I began on a firing range that was intended to acquaint me with crucial infantry techniques like arming weapons, using them, and safely (for me) throwing hand grenades. This is not merely set decoration. The importance of getting to know your guns—as well as the Germans’ guns, in case you run out of ammo or simply prefer them—was immediately apparent.
I’ve known for a while that American soldiers during the war preferred the semi-automatic Garand rifle because it was simple to use. As I learned from Roger Mudd’s History Channel specials, when the rifle’s ammunition ran out, the clip would automatically eject with a pinging sound, leaving the slot open for the soldiers to jam another round into. On a factual level, I was aware of everything. I began to feel that appreciation for myself as I played around on that firing range and later engaged in a (virtually) real-life battle with German soldiers.
Hirschmann tells me, “We’ve spent years, literally years, refining it. “Each weapon is slightly unique. Whether you have to pull the bolt each time or ram a cartridge into the bottom, it shapes those personalities. One of the best aspects, in my opinion, is how it tells the tale of the Garand and explains why that weapon was so crucial to the Allied cause.”

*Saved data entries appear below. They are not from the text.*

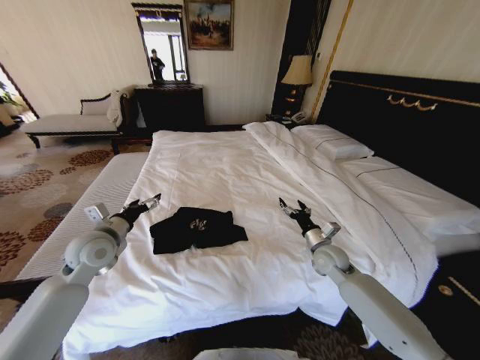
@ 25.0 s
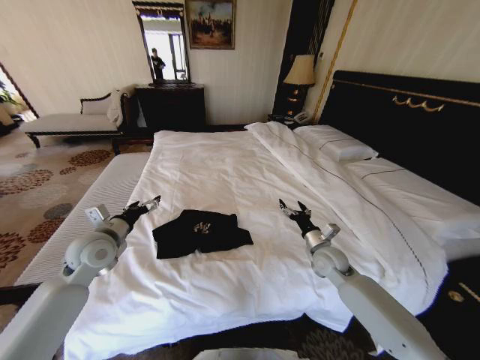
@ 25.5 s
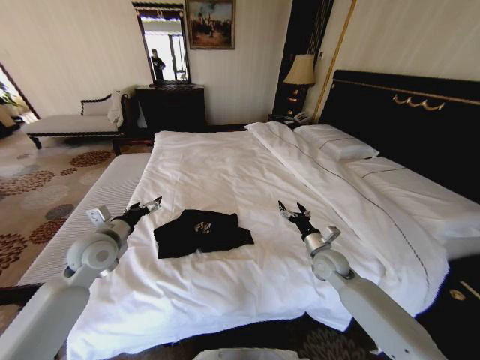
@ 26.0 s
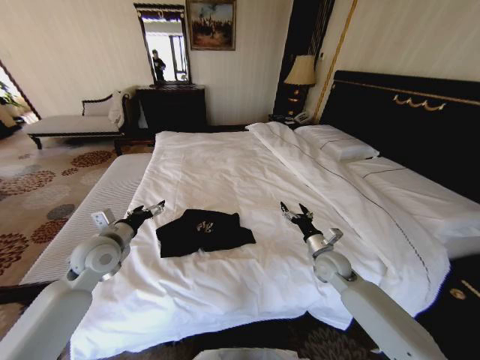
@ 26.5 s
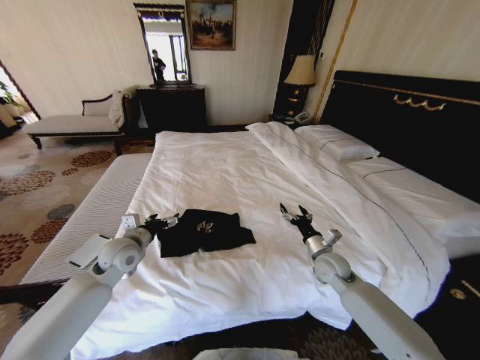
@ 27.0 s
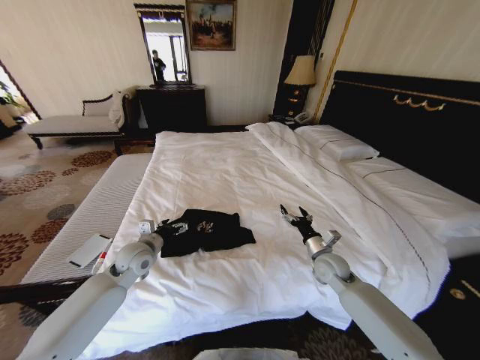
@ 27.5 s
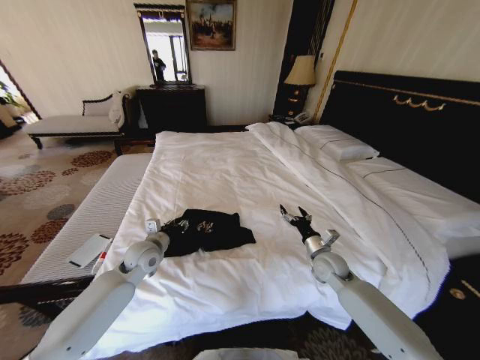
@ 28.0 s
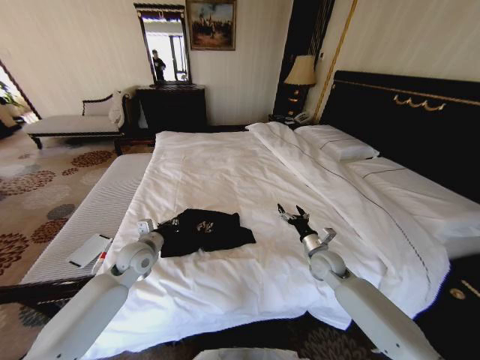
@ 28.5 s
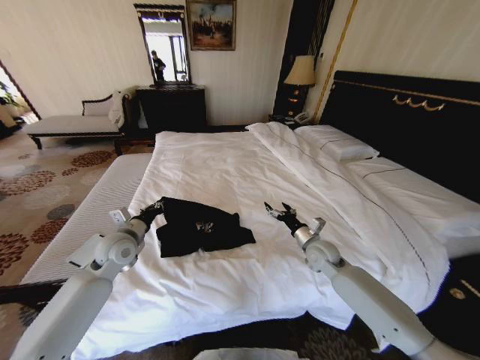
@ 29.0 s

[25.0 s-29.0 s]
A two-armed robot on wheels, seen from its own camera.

The game Medal of Honor: Above & Beyond lacks a reload button. When your gun runs out of ammunition, you must remove the empty magazine, dump it, reach down to your hip, take a brand-new magazine, put it in your gun, and then charge the weapon by pushing back its bolt or bolt equivalent. There are several phases involved in doing an essential task. The physical exertion involved in shooting lead at wooden targets is enjoyable. However, when your opponents are shooting back, it can be stressful, and you really value anything that makes the process go faster – even more so than you would a built-in reload animation. Three seconds less.

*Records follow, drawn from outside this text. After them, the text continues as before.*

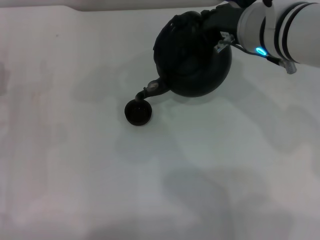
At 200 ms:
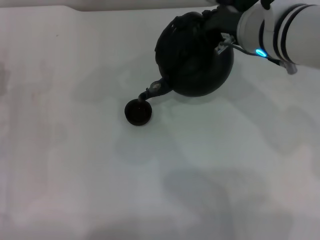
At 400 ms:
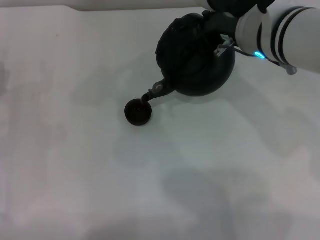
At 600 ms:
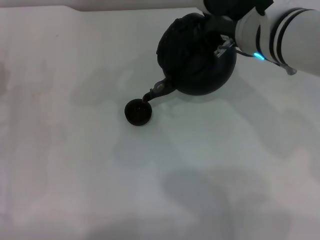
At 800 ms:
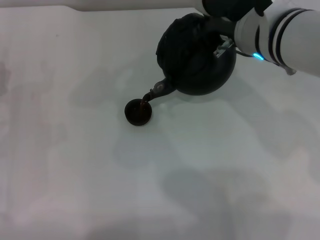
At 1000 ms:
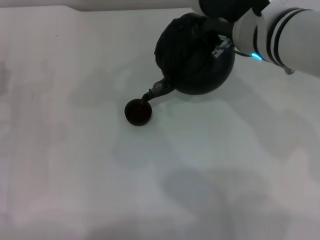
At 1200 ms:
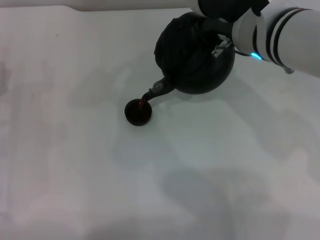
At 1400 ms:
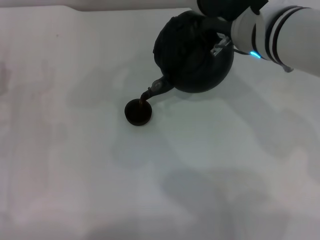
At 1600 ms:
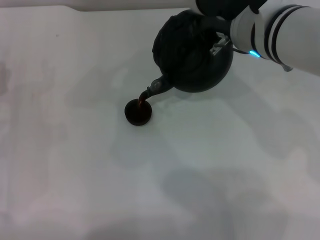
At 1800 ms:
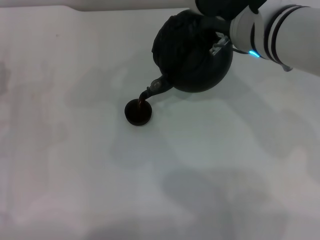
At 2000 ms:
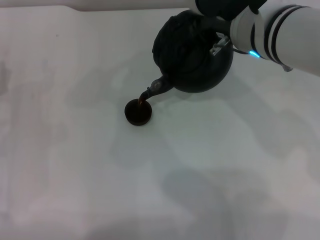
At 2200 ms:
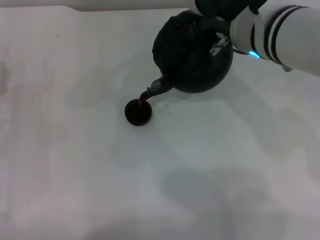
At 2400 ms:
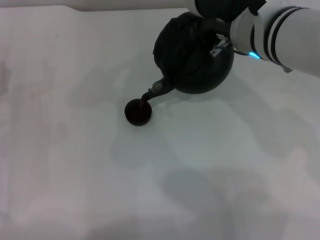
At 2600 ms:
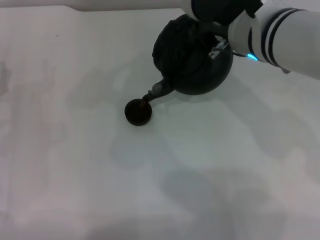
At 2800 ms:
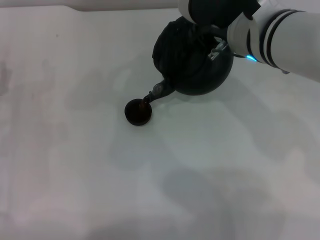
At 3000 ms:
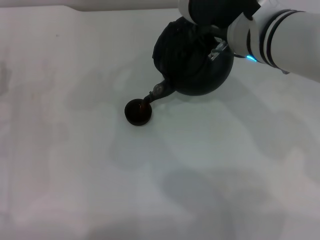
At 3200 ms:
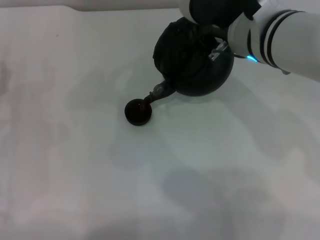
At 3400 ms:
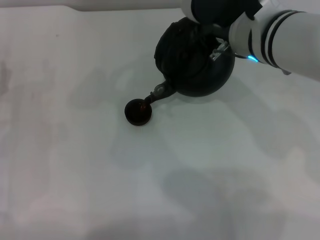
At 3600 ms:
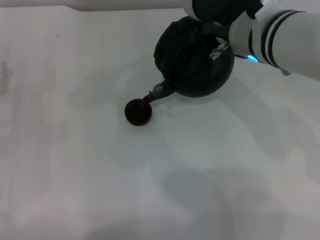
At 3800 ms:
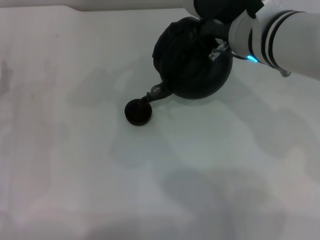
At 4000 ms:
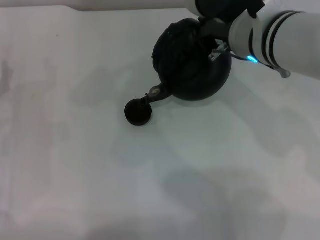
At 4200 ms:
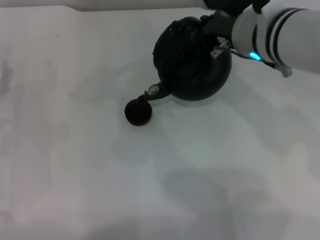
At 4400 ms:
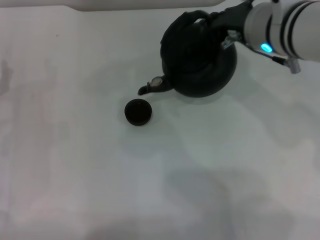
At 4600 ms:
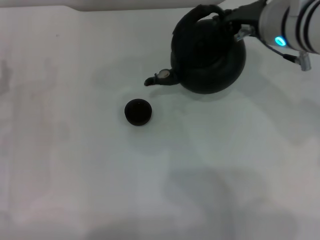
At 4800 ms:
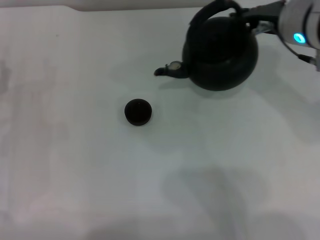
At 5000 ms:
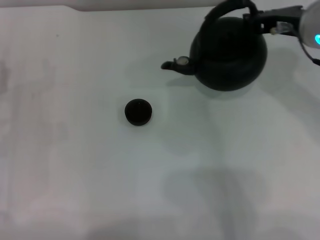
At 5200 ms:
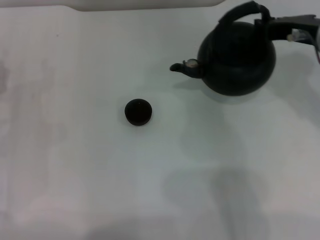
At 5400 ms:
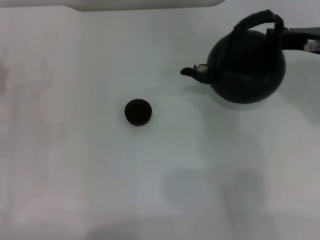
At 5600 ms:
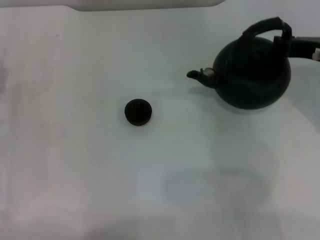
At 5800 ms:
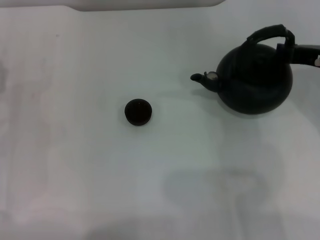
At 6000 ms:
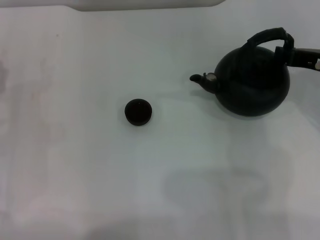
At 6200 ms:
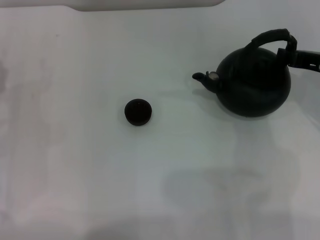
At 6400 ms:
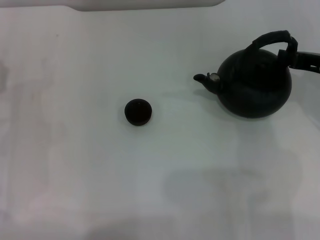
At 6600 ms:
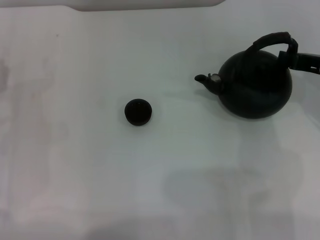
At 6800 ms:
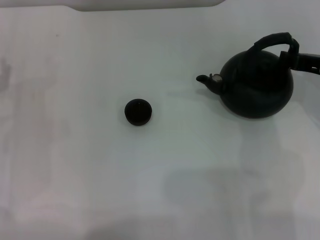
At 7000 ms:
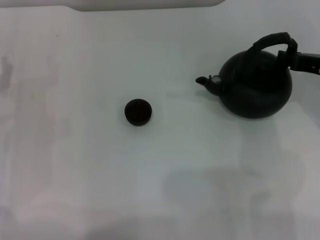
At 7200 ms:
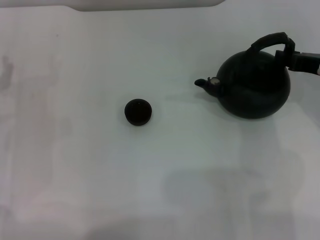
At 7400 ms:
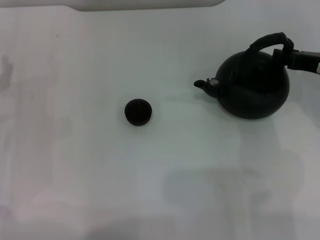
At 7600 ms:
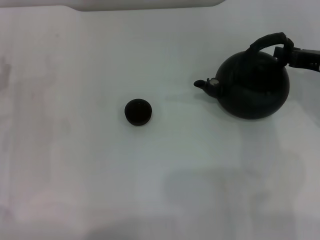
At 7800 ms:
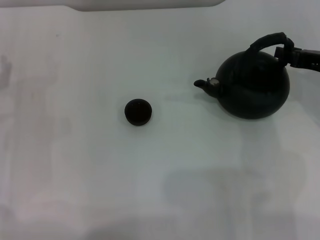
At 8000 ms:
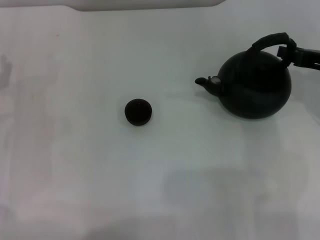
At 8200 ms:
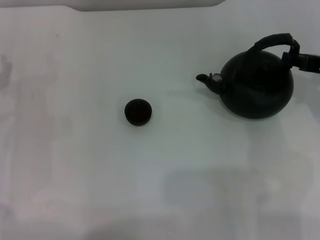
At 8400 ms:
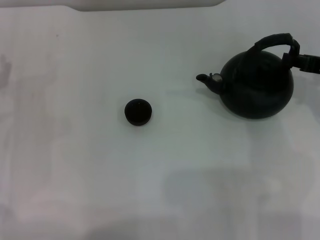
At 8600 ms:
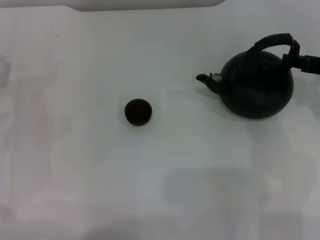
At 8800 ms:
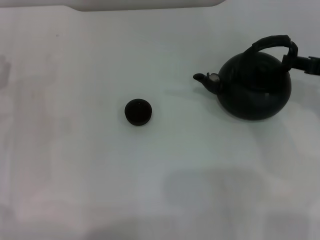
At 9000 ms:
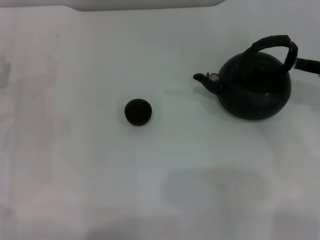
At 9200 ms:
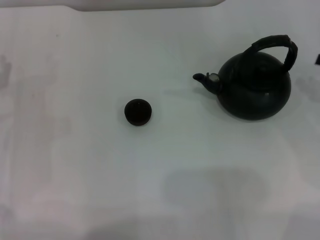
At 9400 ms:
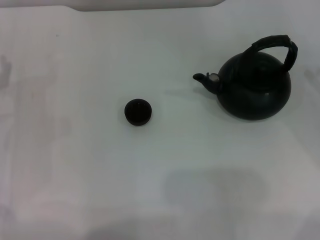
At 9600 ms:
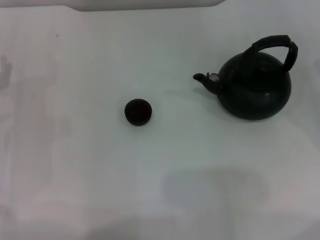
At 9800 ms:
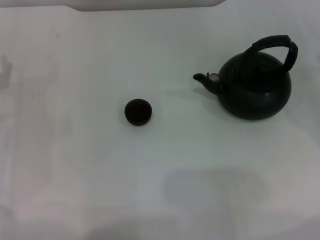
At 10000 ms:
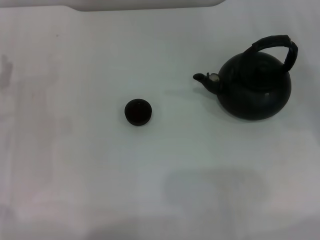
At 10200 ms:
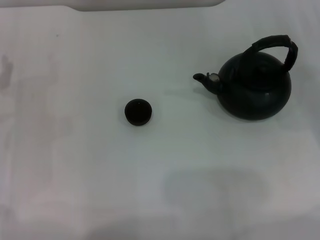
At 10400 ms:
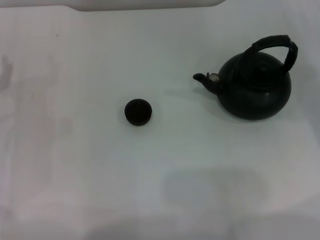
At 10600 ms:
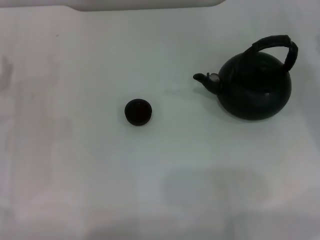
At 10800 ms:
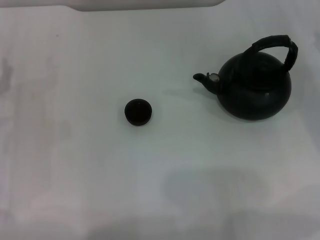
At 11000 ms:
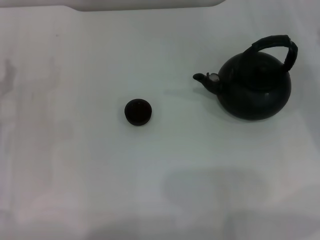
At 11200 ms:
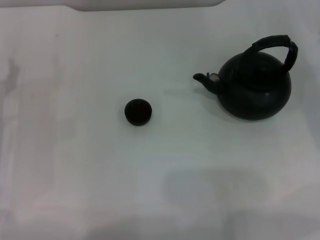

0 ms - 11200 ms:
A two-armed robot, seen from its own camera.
Task of the whole recording: Grasp the handle of the teapot with one hand and pour tea into the teacup.
Step, 0 ms - 4400 ms: Pour tea into the teacup with the right gripper.
Step, 4600 ms - 8800 ms: Put down the teapot with the right gripper.
0 ms - 1600 ms: The grippers make only small movements.
1600 ms - 3200 ms: Neither gripper changes place.
3200 ms - 4800 ms: The right gripper is displaced to the right by roughly 5 cm.
4800 ms - 6400 ms: The right gripper is displaced to the right and downward by about 10 cm.
6400 ms - 8000 ms: Both grippers stay put.
8000 ms - 9600 ms: The right gripper travels to the right by some 10 cm.

“Because you can’t disassemble and clean the components of the weapons, it is once again not about fetishizing them. Learning the personality, strengths, and weaknesses is all there is to it “Hirschmann keeps going. “The Germans will respond when the clip pops out of the Garand while you’re using it and you insert a new one, according to the AI. We have a complete logic queue for when they hear that “ping!” because we know they’ll become hostile and start moving once they realise you’re reloading. which occurred to Allied soldiers during the conflict after the Germans realised what was happening.”
Getting my bearings
Movement is controlled by analogue sticks in Medal of Honor: Above & Beyond. Although you can move by stepping around your actual surroundings, the levels are all sufficiently large for you to spend most of your time pressing forward in order to, well, press forward. Although it made hiding behind cover feel physically more taxing than just sprinting at the Nazis’ full pace, it felt appropriate for a gun game. In an otherwise immersive experience, remembering which parts you perform with your controller and which parts with your actual body might be unsettling, but I’m confident I’d get the hang of it with enough practise.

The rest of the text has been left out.